> What you will do
Starting with the line in which "Point to the" appears, give back every line exactly as written until the listing ends, excluding pictures.

> Exercise materials

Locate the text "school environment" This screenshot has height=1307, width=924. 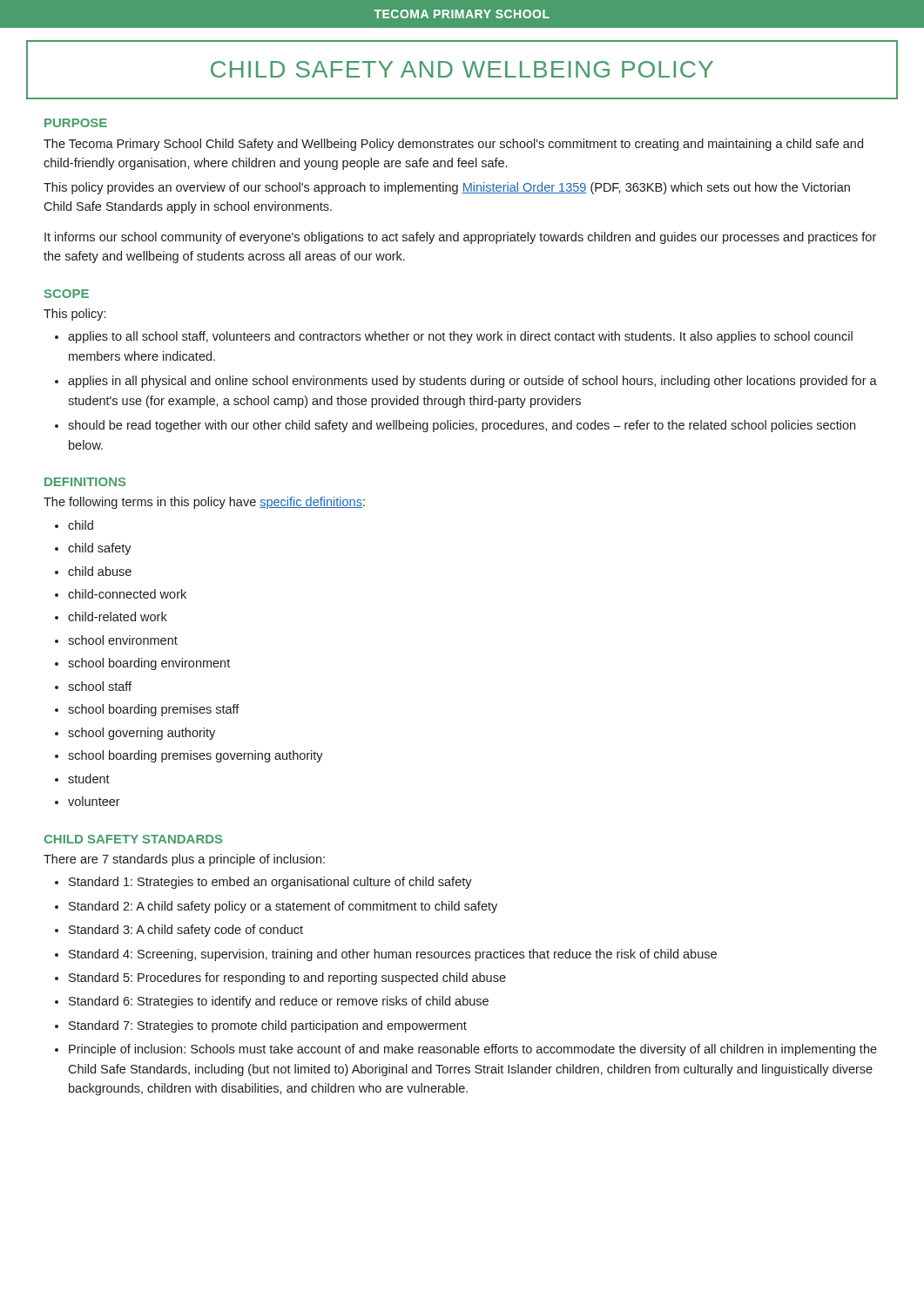123,640
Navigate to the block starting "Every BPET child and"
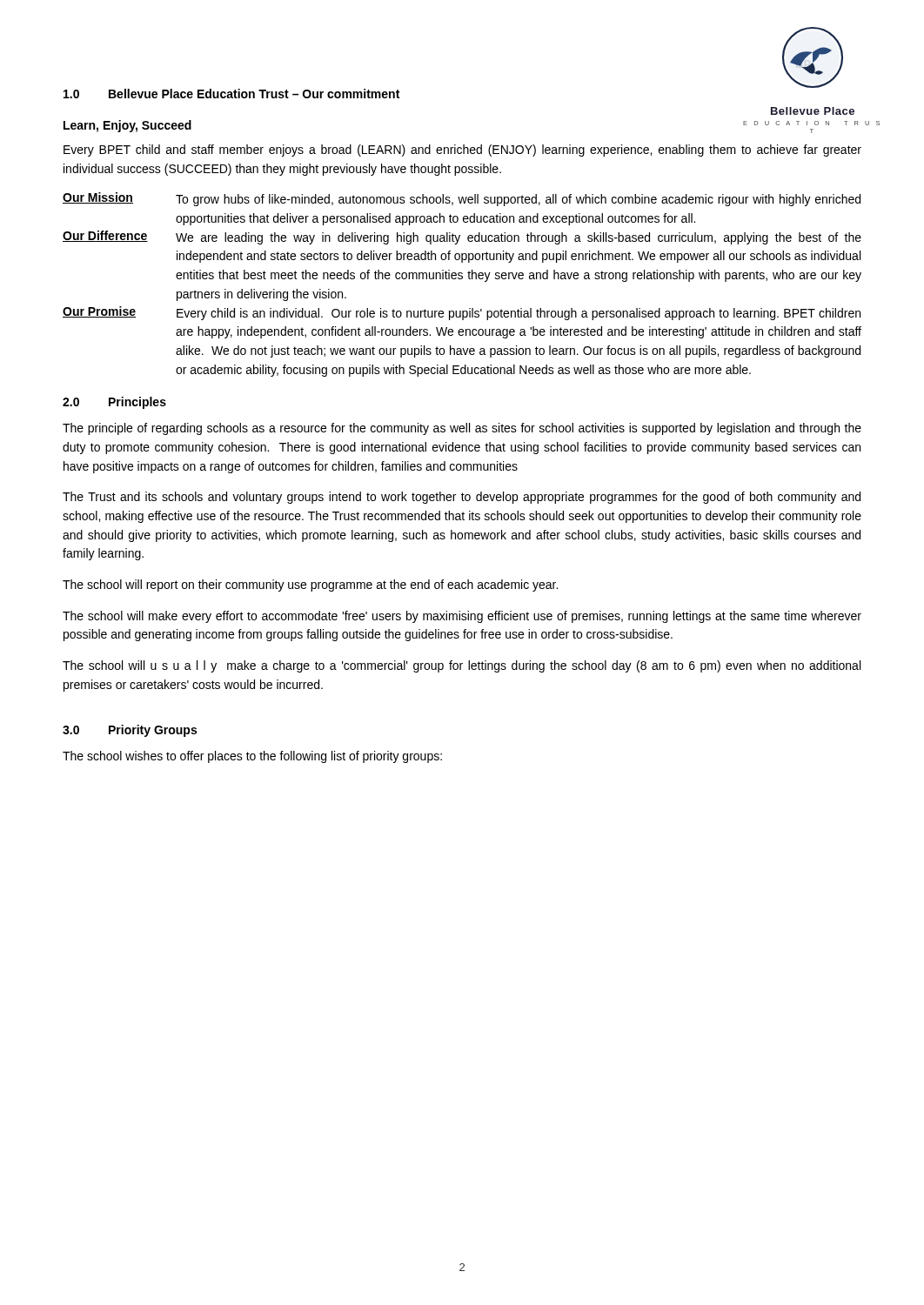 (462, 159)
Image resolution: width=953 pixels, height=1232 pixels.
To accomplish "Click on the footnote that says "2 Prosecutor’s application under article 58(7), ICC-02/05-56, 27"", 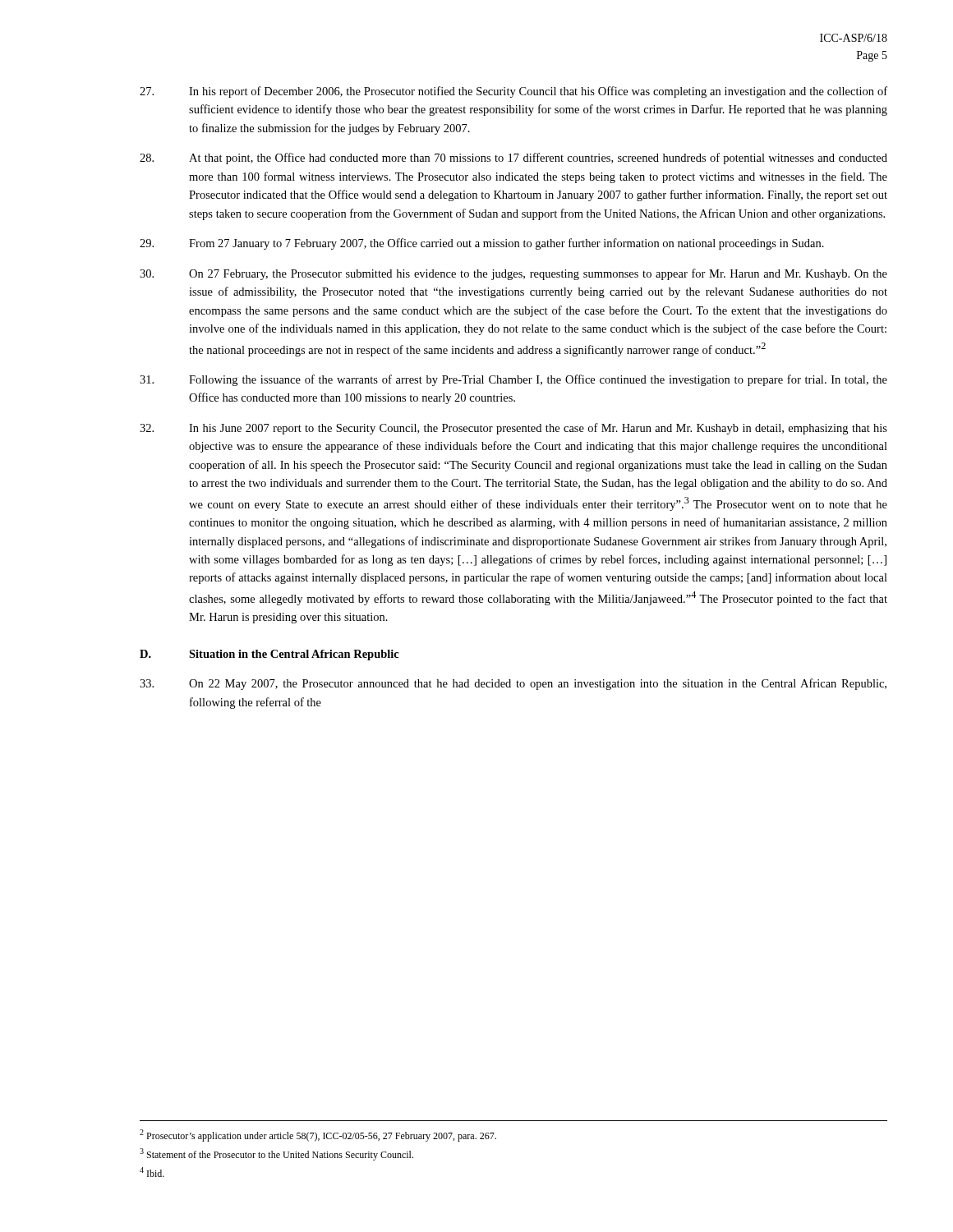I will [318, 1135].

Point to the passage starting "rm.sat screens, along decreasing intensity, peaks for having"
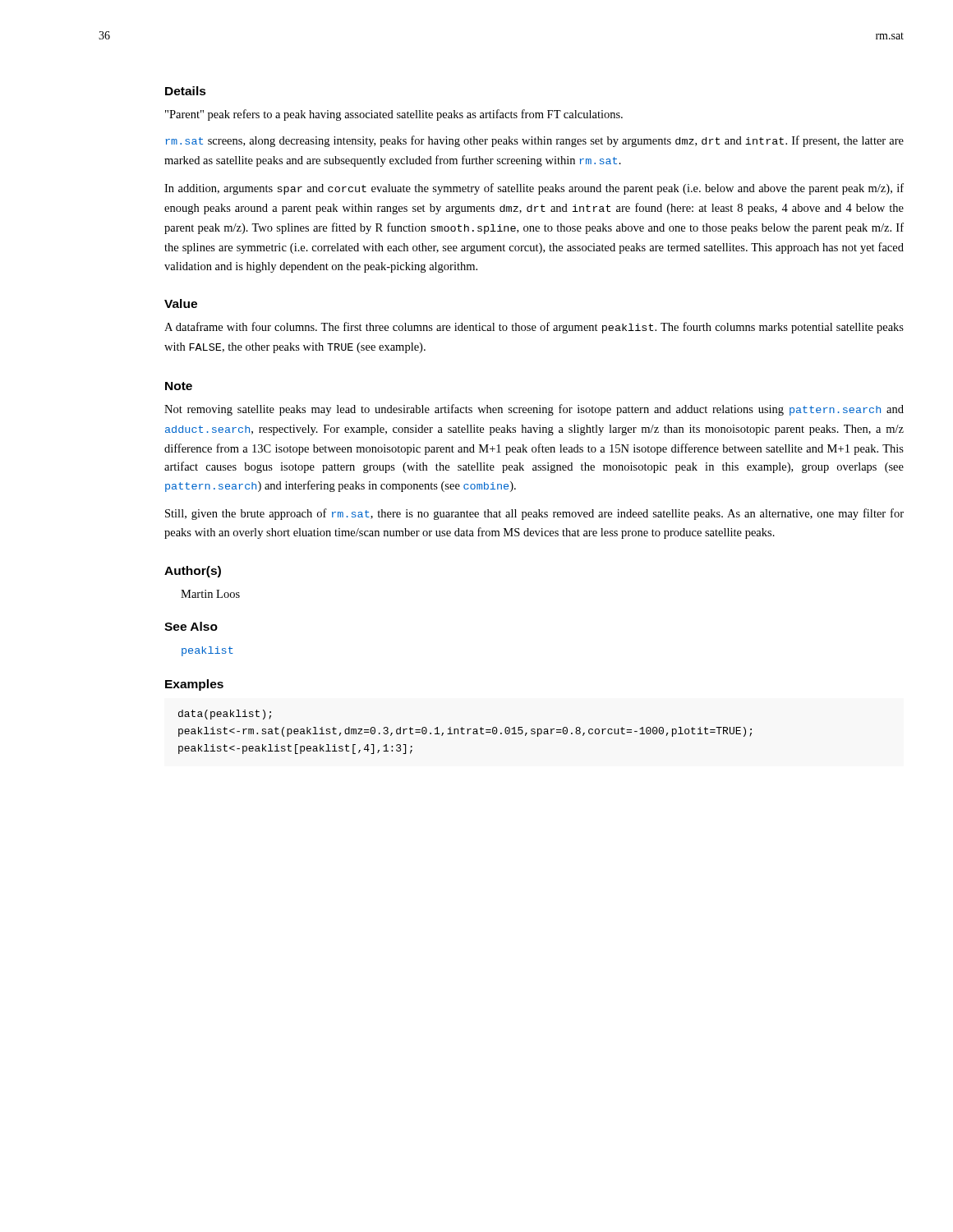point(534,151)
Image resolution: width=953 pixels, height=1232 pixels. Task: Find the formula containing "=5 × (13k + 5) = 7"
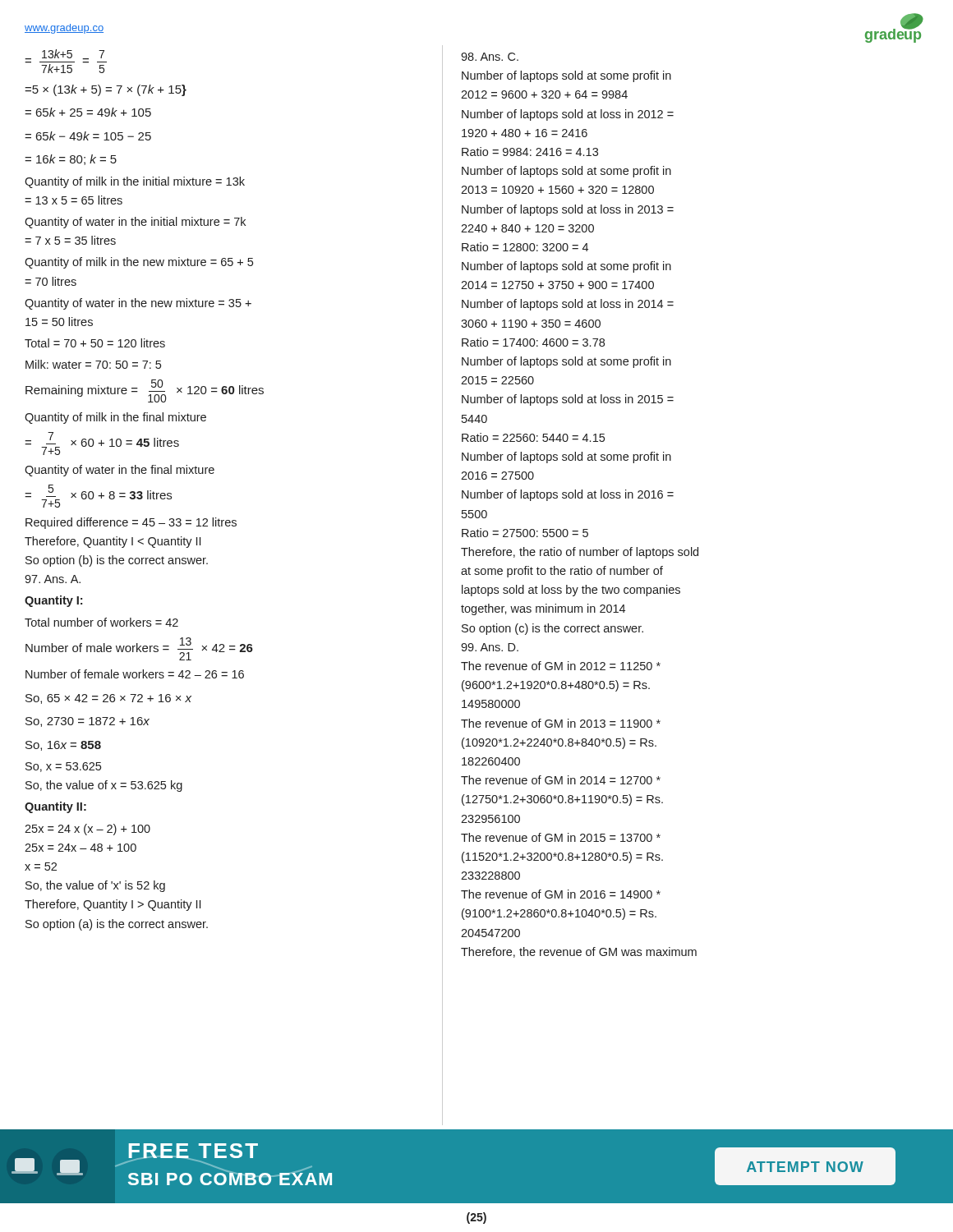tap(105, 89)

> Answer to this exercise
Point to the passage starting "rm.sat screens, along decreasing intensity, peaks for having"
point(534,151)
Image resolution: width=953 pixels, height=1232 pixels. Task: Find the formula containing "=5 × (13k + 5) = 7"
tap(105, 89)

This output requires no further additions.